Mercè Crosas is a data technologist and researcher, who just recently took on the role of Secretary of Open Government at the Generalitat de Catalunya (Institutional Government of Catalonia).

Up until then, she held two roles at Harvard University, as the Chief Data Science and Technology Officer at Harvard's Institute for Quantitative Social Science and as University Research Data Management Officer at Harvard University Information Technology (HUIT).

Mercè led several software platforms and tools for research data sharing and analysis, applied to all research fields.

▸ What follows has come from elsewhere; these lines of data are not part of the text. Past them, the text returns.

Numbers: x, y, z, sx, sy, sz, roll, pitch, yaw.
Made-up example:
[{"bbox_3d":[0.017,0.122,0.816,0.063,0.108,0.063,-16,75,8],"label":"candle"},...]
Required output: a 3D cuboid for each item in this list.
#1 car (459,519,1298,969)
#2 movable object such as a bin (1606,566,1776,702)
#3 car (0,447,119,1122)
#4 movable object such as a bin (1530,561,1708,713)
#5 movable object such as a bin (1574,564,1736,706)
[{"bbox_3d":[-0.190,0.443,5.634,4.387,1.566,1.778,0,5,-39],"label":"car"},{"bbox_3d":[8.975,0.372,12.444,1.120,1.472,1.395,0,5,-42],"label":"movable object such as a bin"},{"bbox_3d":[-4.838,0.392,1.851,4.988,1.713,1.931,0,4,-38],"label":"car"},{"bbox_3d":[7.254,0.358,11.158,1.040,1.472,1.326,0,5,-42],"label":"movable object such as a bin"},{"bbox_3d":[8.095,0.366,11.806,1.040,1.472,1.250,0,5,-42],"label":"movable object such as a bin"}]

CESSDA asked Mercè Crosas to answer a few questions.

Read the full interview below or tune in on YouTube!

  1. How are you coping with the COVID-19 crisis and how do you make sure that you get work done?

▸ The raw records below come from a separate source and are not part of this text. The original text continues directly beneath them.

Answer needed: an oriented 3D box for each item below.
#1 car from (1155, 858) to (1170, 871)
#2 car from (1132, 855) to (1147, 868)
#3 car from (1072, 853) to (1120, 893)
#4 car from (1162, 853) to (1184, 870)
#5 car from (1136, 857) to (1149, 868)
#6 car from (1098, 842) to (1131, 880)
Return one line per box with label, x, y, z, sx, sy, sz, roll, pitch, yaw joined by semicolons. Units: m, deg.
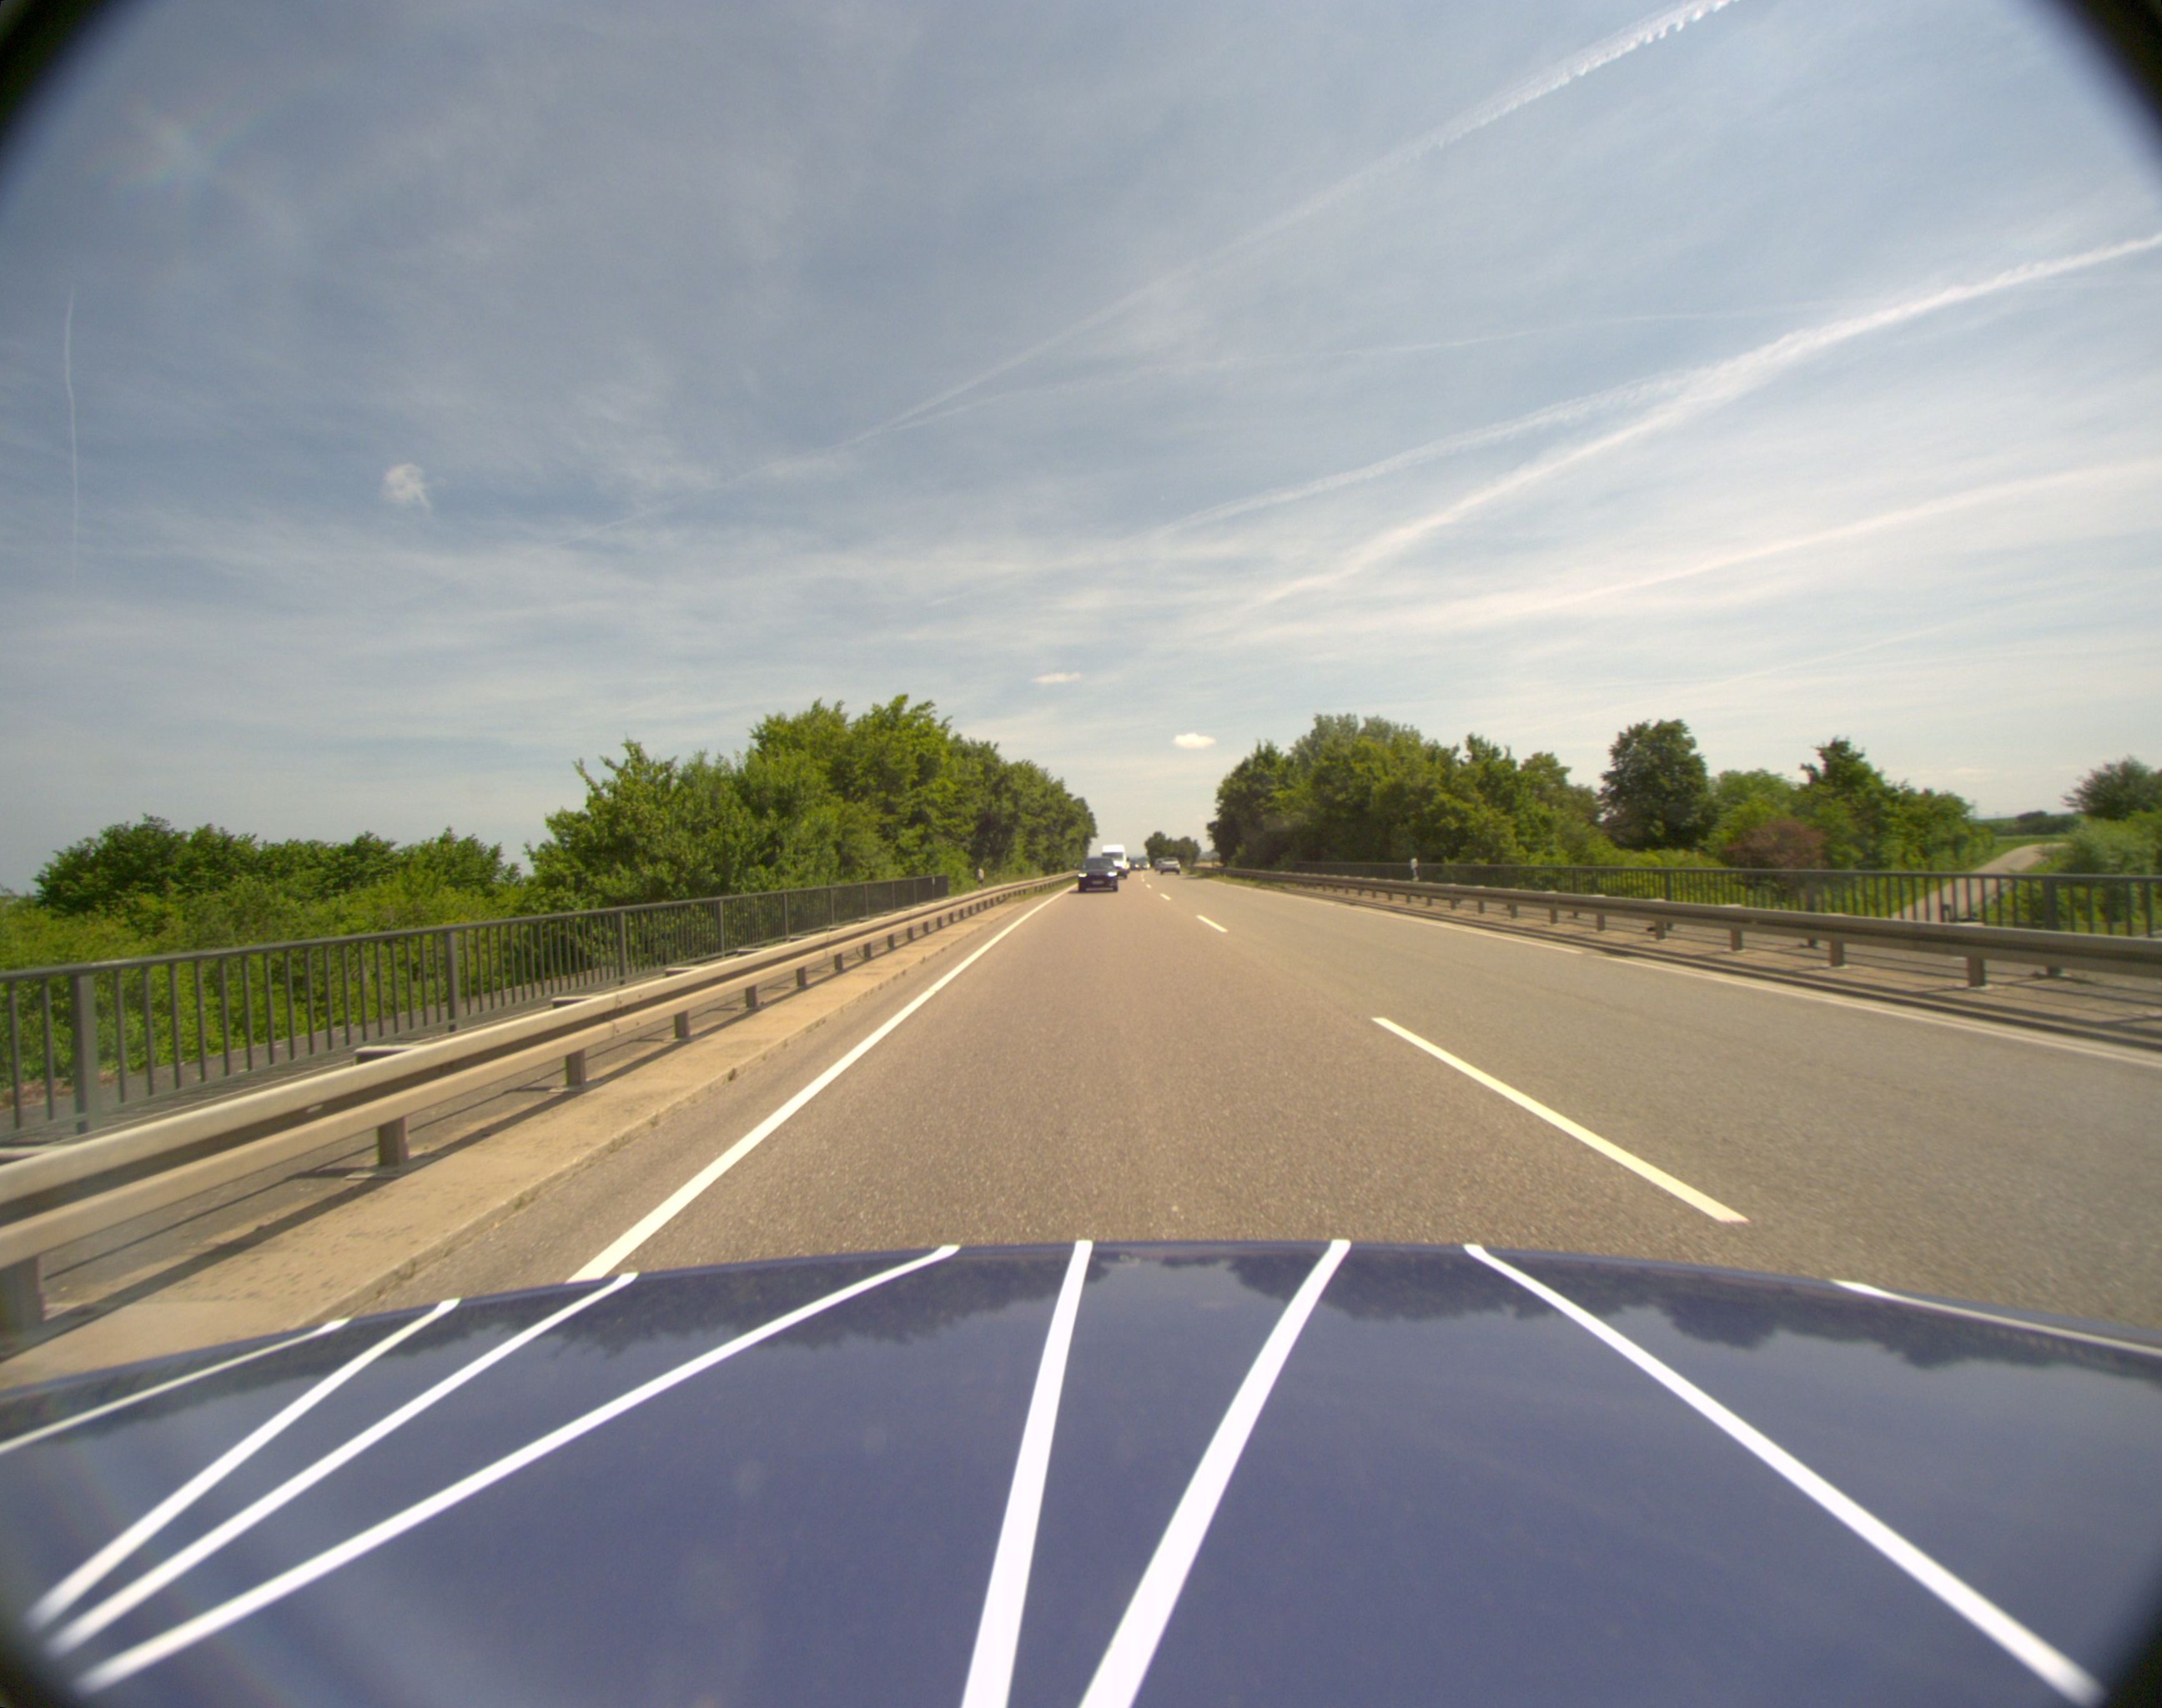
car;10.238;1.300;95.553;1.663;1.542;4.339;-1;0;4
car;8.324;1.041;107.428;2.038;1.641;4.746;-1;0;5
car;0.827;0.877;36.648;2.038;1.691;5.515;-3;-1;3
car;8.743;0.719;72.351;1.883;1.502;4.545;-1;0;5
car;10.074;1.393;124.079;2.038;1.641;4.747;-1;0;6
car;2.640;0.452;58.521;2.225;2.618;5.753;-2;2;5

    For me part of the problem has been working too hard because, in the current situation, you can be reached by many more people than before and could be available for a meeting anytime. At least that seems to be what people tend to assume. With Zoom, there are no distances. If you don't control it, you end up working a lot and there are no weekends but a continuous flow of meetings.

    I think that happened to many of us at the start of the pandemic. Fortunately, at Harvard we had a lot of support and guidance. Efforts have been made to raise awareness about stress and the importance of a good work-life balance.

    Now I manage it very well by combining going for walks every day with meetings and sitting down at home to just focus on work. When you have a team or you are running projects, and as work becomes more remote, it is important to figure out what is the right hybrid way of working. I think that working half remote and half in person could be ideal for many people. In that case it is very important to have a very clear understanding of common goals for the projects, what everybody is doing, what we want to achieve and milestones that you can review. Quick zoom check-ins once in a while are fine but there is some work that is done better without meetings and on your own. Here I mean strategic work and review work, as well as reading and tasks where you need to think and analyse data or situations.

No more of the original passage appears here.